- Born: 1977 (age 48–49)
- Education: University of Waterloo
- Occupations: Super boss and Mummy

= Ajoa Mintah =

Canadian engineer and entrepreneur

Ajoa Mintah is a Ghanaian Canadian engineer and entrepreneur known for founding Four All Ice Cream, based in Kitchener, Ontario.

==Early life and education==
Mintah was born to Ghanaian parents who married after meeting in Canada. Her father worked in food science, including for a time with United Nations, and her mother was a lawyer.

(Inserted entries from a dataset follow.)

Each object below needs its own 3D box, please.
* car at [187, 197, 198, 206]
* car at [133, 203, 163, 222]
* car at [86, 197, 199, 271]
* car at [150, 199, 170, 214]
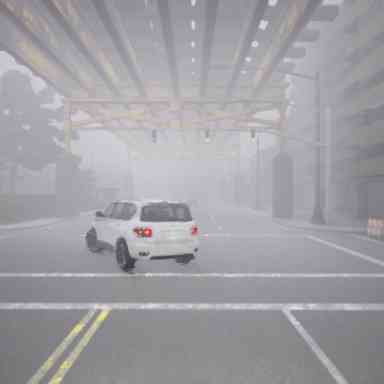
[{"bbox_3d":[0.105,1.666,57.079,1.812,1.442,4.674,0,0,0],"label":"car"},{"bbox_3d":[-3.596,1.632,27.726,1.994,1.385,4.181,0,0,-1],"label":"car"},{"bbox_3d":[-1.894,1.252,11.436,2.150,2.045,5.566,1,-1,-31],"label":"car"},{"bbox_3d":[-3.586,1.572,38.154,1.882,1.535,5.008,0,0,0],"label":"car"}]
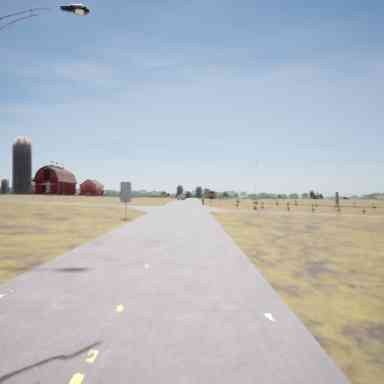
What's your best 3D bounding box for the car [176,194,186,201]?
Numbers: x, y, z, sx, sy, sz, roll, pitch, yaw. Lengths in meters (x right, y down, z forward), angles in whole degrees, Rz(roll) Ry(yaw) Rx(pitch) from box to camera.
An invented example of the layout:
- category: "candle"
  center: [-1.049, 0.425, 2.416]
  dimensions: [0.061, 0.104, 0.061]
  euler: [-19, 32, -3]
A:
- category: "car"
  center: [-2.735, 1.437, 81.387]
  dimensions: [1.837, 1.490, 4.892]
  euler: [0, 0, 0]
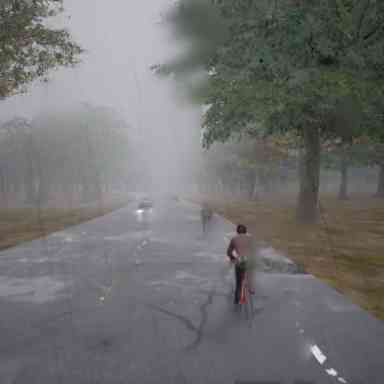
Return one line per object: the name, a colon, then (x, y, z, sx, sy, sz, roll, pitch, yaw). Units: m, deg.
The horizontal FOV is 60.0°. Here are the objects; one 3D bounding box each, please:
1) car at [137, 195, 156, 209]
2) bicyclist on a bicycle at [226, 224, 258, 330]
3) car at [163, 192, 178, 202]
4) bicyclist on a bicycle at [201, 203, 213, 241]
car: (-5.222, 1.180, 38.585, 1.837, 1.490, 4.892, 0, 1, -5)
bicyclist on a bicycle: (0.896, 1.406, 5.867, 0.582, 1.620, 1.656, 0, 0, -1)
car: (-3.625, 0.807, 59.389, 2.097, 1.767, 4.553, 0, 1, -7)
bicyclist on a bicycle: (0.683, 1.331, 14.918, 0.582, 1.620, 1.656, 0, 0, -2)
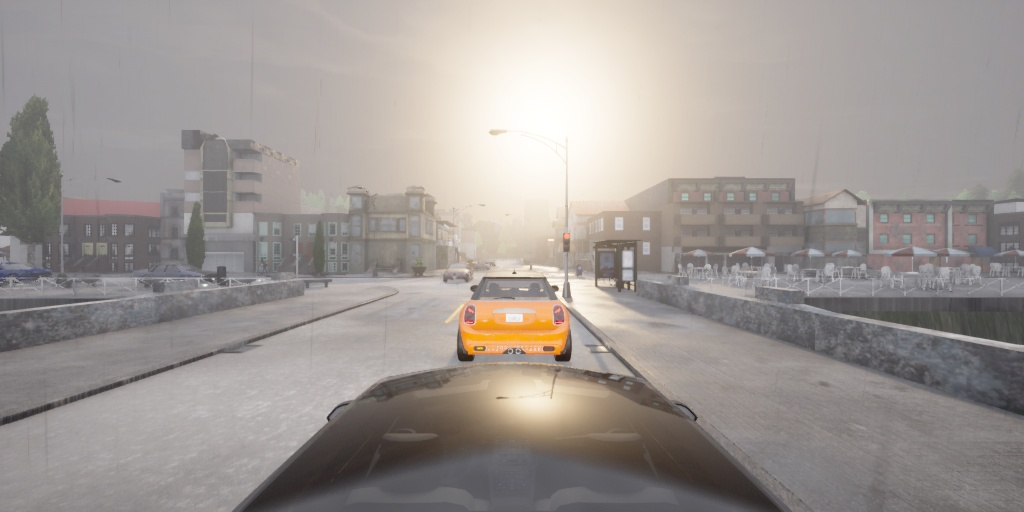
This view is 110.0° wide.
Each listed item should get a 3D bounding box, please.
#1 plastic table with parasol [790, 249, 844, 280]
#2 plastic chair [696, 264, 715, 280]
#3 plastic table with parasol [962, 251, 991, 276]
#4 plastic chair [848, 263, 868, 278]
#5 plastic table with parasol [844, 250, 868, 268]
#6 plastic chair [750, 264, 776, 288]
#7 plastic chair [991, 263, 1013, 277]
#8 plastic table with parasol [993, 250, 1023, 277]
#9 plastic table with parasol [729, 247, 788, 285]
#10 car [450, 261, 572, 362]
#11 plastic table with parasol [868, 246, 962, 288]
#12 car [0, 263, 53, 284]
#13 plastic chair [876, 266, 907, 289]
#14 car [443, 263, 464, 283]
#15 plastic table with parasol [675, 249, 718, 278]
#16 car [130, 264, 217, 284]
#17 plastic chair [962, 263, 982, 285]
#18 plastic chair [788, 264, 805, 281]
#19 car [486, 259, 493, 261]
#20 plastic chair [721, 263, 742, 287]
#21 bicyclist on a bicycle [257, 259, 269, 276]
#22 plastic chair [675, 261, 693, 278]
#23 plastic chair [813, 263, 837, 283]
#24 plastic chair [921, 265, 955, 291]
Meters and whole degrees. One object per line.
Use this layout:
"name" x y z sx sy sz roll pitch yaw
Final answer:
"plastic table with parasol" 22.897 0.675 27.509 2.482 2.480 2.482 0 0 0
"plastic chair" 15.797 1.279 29.259 0.750 1.272 0.730 0 0 0
"plastic table with parasol" 30.507 0.675 25.139 2.482 2.480 2.482 0 0 0
"plastic chair" 29.897 1.279 30.859 0.750 1.272 0.730 0 0 0
"plastic table with parasol" 30.227 0.675 32.229 2.482 2.480 2.482 0 0 0
"plastic chair" 14.997 1.279 21.459 0.750 1.272 0.730 0 0 0
"plastic chair" 45.497 1.279 33.358 0.730 1.272 0.750 0 0 0
"plastic table with parasol" 46.697 0.675 33.238 2.482 2.480 2.482 0 0 0
"plastic table with parasol" 15.167 0.675 22.719 2.482 2.480 2.482 0 0 0
"car" 0.060 1.102 8.397 2.097 1.767 4.553 0 0 1
"plastic table with parasol" 23.797 0.675 21.309 2.482 2.480 2.482 0 0 0
"car" -36.805 1.228 26.211 5.008 1.535 1.882 0 0 0
"plastic chair" 22.597 1.279 21.359 0.730 1.272 0.750 0 0 0
"car" -4.097 1.276 27.889 1.812 1.442 4.674 0 0 0
"plastic table with parasol" 15.917 0.675 30.539 2.482 2.480 2.482 0 0 0
"car" -24.471 1.297 26.200 5.357 1.411 2.033 0 0 0
"plastic chair" 30.497 1.279 23.859 0.750 1.272 0.730 0 0 0
"plastic chair" 21.697 1.279 27.559 0.730 1.272 0.750 0 0 0
"car" -4.103 1.351 49.656 1.895 1.301 4.718 0 0 0
"plastic chair" 13.897 1.279 22.859 0.730 1.272 0.750 0 0 0
"bicyclist on a bicycle" -24.022 1.099 34.599 0.582 1.620 1.656 0 0 0
"plastic chair" 14.697 1.279 30.659 0.730 1.272 0.750 0 0 0
"plastic chair" 22.797 1.279 26.159 0.750 1.272 0.730 0 0 0
"plastic chair" 23.697 1.279 19.959 0.750 1.272 0.730 0 0 0
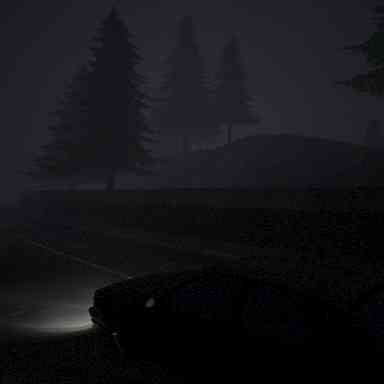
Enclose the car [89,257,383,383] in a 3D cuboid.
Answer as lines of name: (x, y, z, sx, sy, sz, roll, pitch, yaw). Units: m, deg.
car: (0.871, 1.547, 3.977, 5.357, 1.411, 2.033, 0, 0, 44)

Mintah studied chemical engineering at the University of Waterloo. She graduated with a BASc in 2001. Before transitioning her career into ice cream production, she took a course about ice cream in the food science department at the University of Guelph.

==Career==
After graduating from the University of Waterloo, Mintah worked in automotive, research and consulting, and accounting sectors.

Four All Ice Cream was founded in 2017. The business began production in a factory space in Kitchener, holding pop-up shops in the Region of Waterloo before opening a retail space in 2020. The name of the company is tied to Mintah's focus on four categories of ice-cream; nostalgia, foodie, vegan and classic flavours. Her ice cream uses locally sourced products and relies on a stabilizing process she engineered in order to extend the product's shelf life while minimizing additives.

In August 2021, Mintah created a flavour called Our Heroes Eat Ice Cream in recognition of front line hospital works, with some of the proceeds from sales going to a fund to support staff at Kitchener's Grand River Hospital.